== Activity ==
Figure out the number of lines in the data that hold the string "than". Reply with that figure only.

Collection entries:
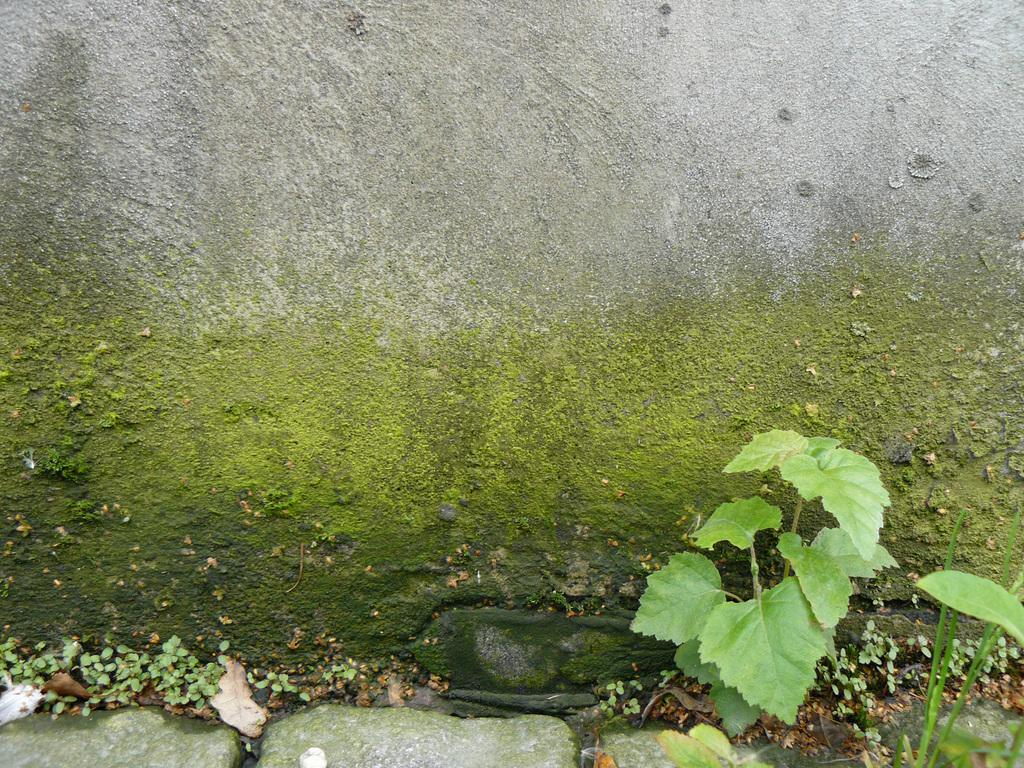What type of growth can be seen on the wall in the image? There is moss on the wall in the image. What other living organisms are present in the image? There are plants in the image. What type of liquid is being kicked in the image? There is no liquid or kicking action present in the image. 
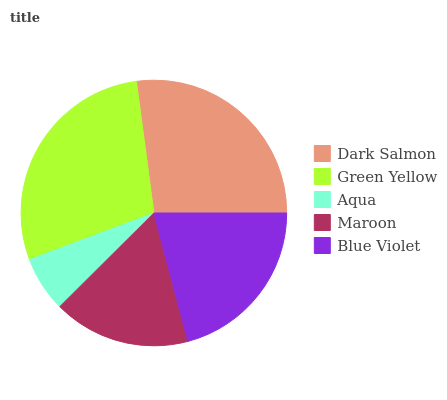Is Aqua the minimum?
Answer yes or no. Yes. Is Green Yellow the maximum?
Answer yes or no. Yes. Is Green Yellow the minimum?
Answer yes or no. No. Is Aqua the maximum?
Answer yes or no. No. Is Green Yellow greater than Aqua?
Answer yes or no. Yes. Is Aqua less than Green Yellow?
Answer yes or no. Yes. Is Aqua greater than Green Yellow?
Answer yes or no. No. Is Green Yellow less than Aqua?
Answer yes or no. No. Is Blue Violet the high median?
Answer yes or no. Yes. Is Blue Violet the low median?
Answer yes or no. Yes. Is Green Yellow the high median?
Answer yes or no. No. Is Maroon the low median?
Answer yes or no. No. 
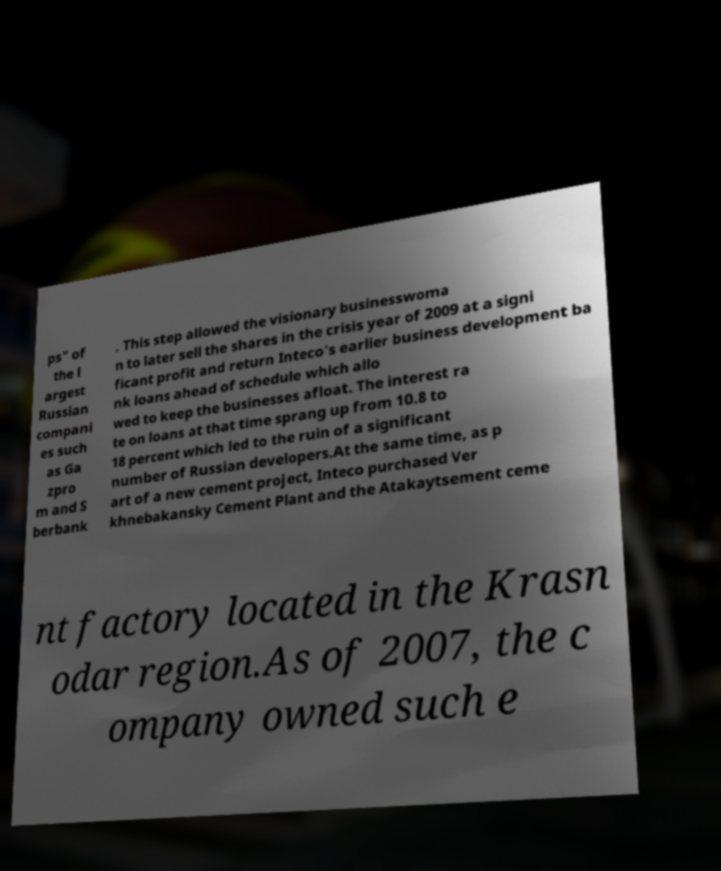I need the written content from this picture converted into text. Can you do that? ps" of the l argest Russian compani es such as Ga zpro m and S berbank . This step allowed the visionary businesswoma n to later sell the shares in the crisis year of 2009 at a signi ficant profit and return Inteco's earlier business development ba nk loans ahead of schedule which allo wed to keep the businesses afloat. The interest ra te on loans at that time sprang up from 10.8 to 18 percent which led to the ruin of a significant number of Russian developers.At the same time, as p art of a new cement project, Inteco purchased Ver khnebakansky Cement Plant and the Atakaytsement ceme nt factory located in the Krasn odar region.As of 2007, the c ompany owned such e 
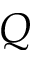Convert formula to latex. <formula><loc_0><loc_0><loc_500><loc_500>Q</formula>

== Your solution ==
4